PROBLEM DESCRIPTION
Below are some records. Return exactly the lines from the one with "HFOV 60.0°. What" to the one with "- person <box>1664,795,1688,821</box>", and nothing else.

RECORDS TO PROCESS

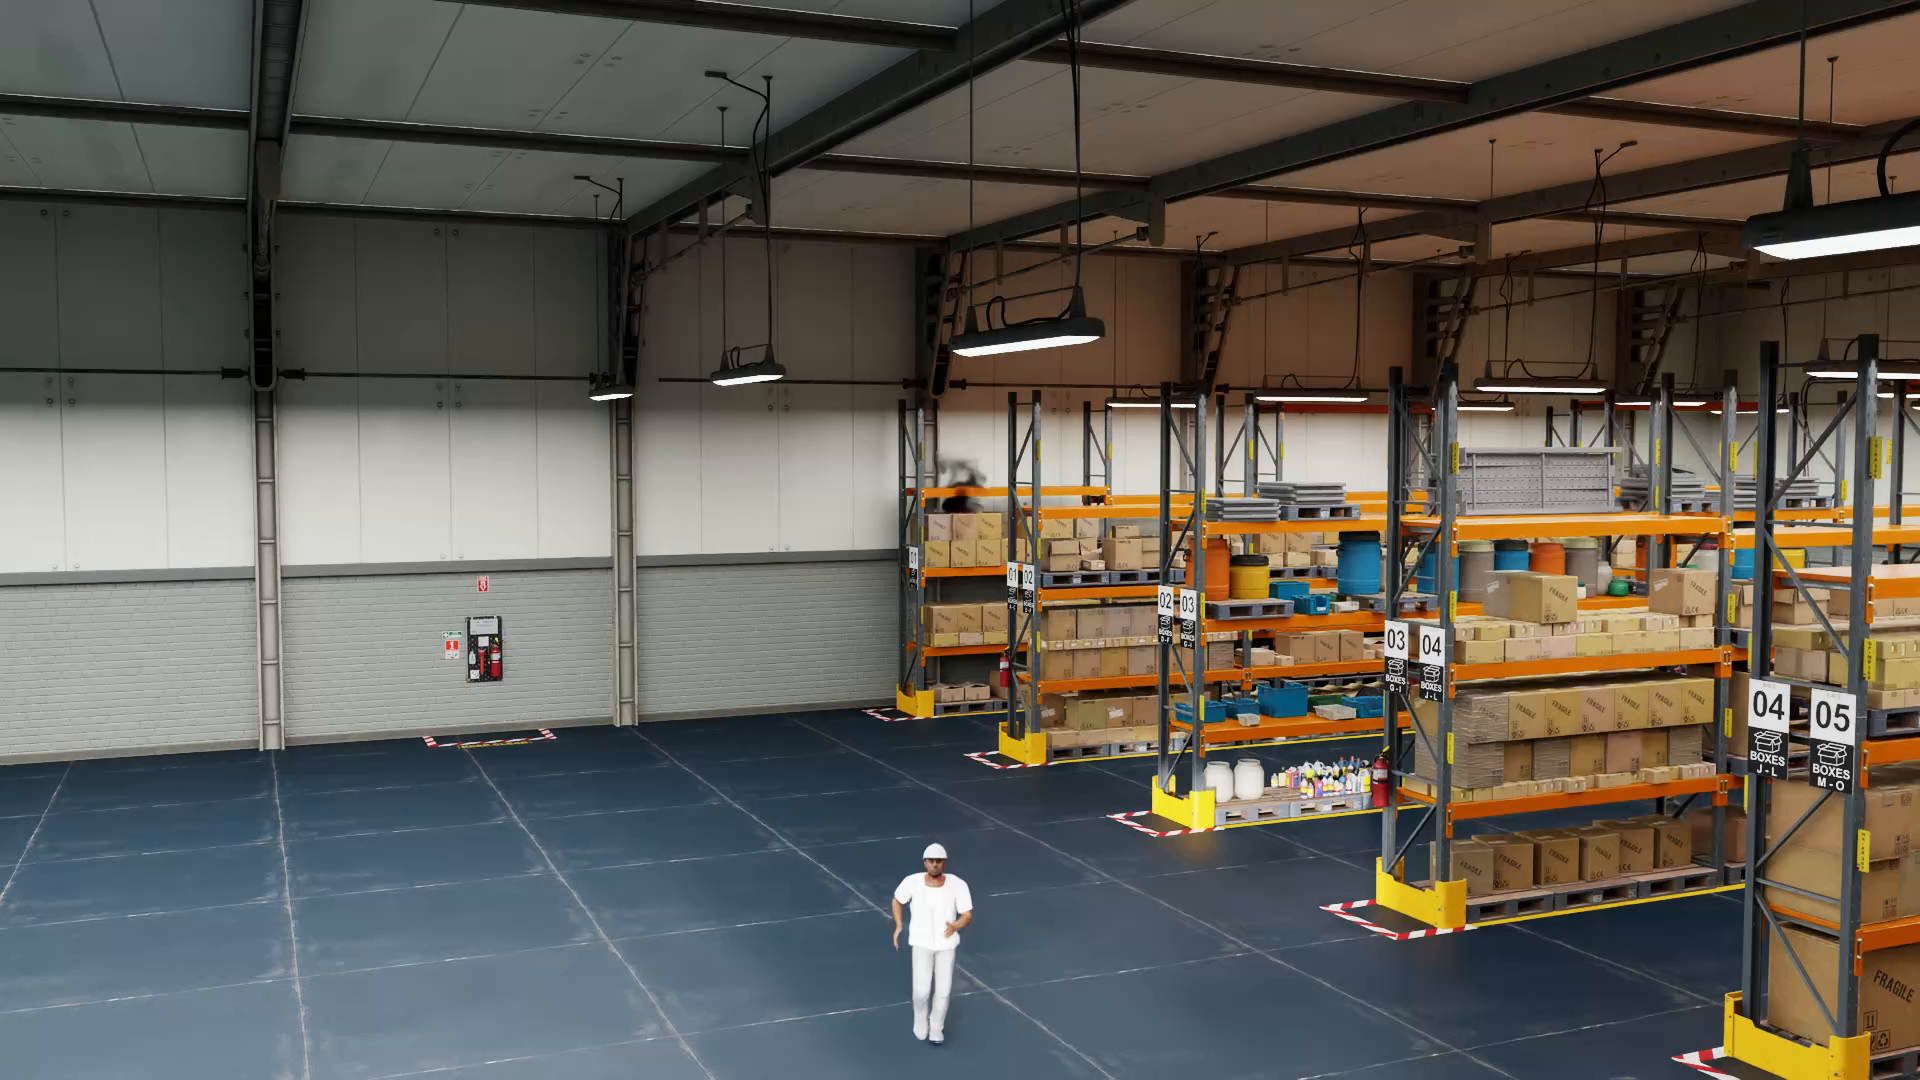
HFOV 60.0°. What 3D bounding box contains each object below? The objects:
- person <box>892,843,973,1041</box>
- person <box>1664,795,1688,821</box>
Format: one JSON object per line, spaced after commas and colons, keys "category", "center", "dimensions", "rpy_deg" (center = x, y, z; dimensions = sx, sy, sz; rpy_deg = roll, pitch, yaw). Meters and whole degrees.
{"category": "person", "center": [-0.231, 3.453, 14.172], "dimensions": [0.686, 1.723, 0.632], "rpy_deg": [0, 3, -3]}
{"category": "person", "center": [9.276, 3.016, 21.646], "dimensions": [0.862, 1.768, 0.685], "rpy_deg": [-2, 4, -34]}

...

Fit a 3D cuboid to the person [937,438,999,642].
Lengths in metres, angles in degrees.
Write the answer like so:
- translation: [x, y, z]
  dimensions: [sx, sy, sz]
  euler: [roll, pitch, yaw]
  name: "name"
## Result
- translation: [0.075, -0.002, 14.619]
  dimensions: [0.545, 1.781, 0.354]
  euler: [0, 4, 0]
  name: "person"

==

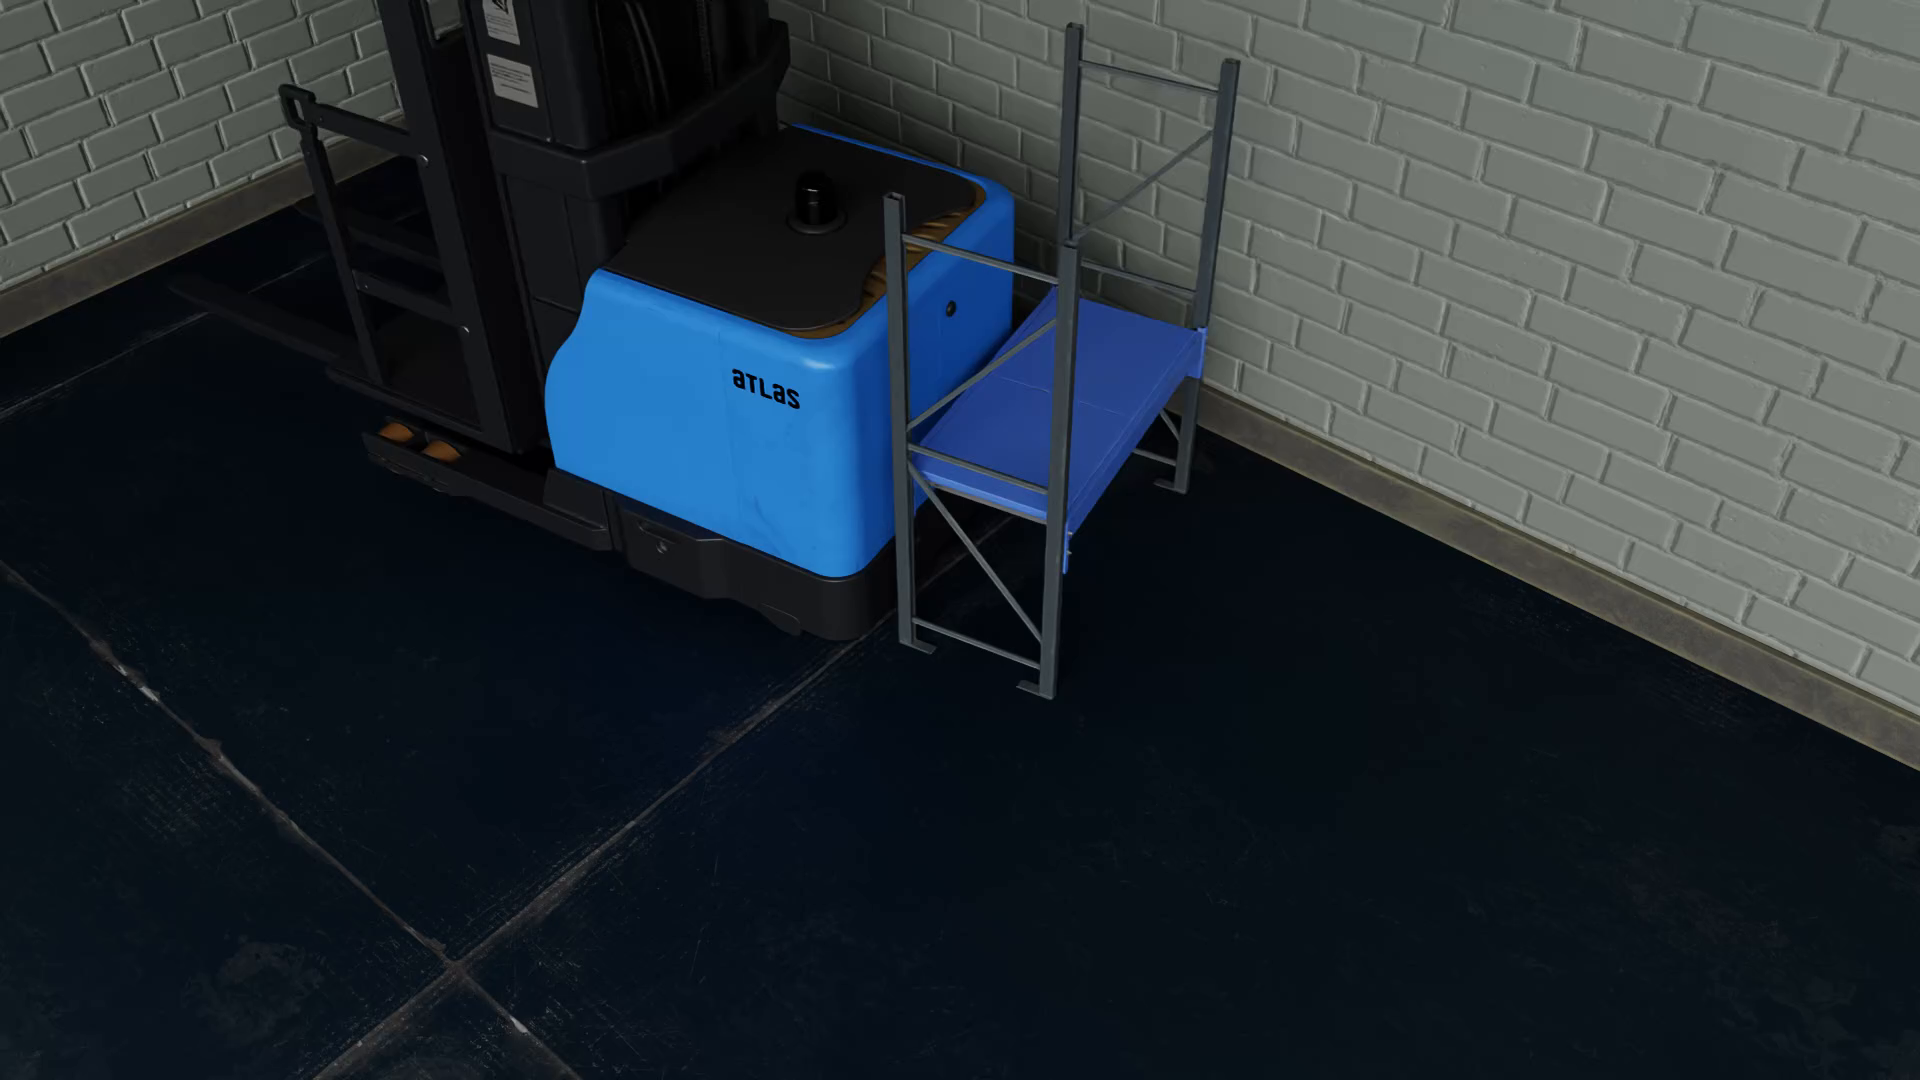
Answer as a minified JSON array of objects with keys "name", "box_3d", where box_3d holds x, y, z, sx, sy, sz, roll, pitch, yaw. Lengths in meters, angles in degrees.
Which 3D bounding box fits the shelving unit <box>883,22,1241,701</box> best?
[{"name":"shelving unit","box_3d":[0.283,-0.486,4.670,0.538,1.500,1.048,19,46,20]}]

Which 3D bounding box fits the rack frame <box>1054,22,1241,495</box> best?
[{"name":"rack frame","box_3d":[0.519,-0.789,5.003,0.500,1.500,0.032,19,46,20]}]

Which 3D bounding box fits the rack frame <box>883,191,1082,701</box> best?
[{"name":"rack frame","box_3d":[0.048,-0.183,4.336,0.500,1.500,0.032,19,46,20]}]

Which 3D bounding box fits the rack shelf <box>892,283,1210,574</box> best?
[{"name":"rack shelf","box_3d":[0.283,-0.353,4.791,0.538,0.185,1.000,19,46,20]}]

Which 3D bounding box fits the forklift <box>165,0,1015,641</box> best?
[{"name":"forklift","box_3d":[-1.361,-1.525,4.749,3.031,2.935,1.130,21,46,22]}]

ANSWER TO THIS EXERCISE
HFOV 60.0°. What 3D bounding box contains each object below? The objects:
- person <box>892,843,973,1041</box>
- person <box>1664,795,1688,821</box>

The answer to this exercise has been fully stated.